DARYL: But it still has a significant impact on the Chinese economy. So the key factor in the Chinese economy is it strengthens domestic demand. That’s what’s really driving this economy, and that’s the major political factor that the government has to consider. It has to keep domestic demand strong and keep the drivers strong, and it will turn away from overseas work to concentrate on what’s happening domestically because overall exports for China represent about 2 percent of GDP, 1-1/2 to 2 percent. So it’s not that significant, but for us of course, exports from China are a significant part of our economy.

STUART: Could China actually emerge out of all this as the leading economy in the world.

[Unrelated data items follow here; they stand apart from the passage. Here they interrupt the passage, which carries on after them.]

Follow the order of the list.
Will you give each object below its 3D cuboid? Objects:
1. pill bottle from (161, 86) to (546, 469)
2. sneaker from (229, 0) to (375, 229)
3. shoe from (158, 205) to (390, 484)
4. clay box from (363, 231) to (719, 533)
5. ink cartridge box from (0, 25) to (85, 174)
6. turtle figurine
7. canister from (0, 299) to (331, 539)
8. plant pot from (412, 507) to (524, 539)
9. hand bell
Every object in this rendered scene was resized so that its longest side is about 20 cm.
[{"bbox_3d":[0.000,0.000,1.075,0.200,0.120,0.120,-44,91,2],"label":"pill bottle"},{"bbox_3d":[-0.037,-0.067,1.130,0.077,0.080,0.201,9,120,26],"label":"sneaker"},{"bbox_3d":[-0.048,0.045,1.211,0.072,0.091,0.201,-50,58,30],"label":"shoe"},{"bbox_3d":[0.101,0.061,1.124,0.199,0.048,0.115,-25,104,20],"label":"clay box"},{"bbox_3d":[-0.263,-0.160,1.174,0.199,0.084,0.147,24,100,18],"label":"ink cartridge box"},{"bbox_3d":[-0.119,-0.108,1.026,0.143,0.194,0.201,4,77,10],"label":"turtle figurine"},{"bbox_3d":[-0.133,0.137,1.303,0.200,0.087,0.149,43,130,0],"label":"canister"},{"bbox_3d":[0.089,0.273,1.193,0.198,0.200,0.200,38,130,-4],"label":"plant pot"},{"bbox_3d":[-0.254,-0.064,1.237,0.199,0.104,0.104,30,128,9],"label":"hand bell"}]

DARYL: Certainly that’s the case, and there are currently discussions at the moment to establish the yuan as a reserve currency, and now we had three reserve currencies: the U.S. dollar, the euro, and Japanese yen. Now to recapitalize world financial markets, we really have to draw on Chinese yuan reserves. So the current discussion that’s taking place is at a ministerial level in China. It’s stable. It’s secure. So many people have been pouring their money into the U.S. dollar as a safe haven, which potentially it may not be a safe haven, but people see it as that.

DARYL: With respect to that analysis, yes, perhaps not 100 percent in the sense that there has been a tremendous flow of money out of what we call emerging or developing markets, U.S. money back to the U.S. It’s a flight of fear, not a flight of quality. I mean, you have 16 percent moves overnight. These are not things that are normal in currency markets. It is not an easy time for stock trading and CFD trading for beginners.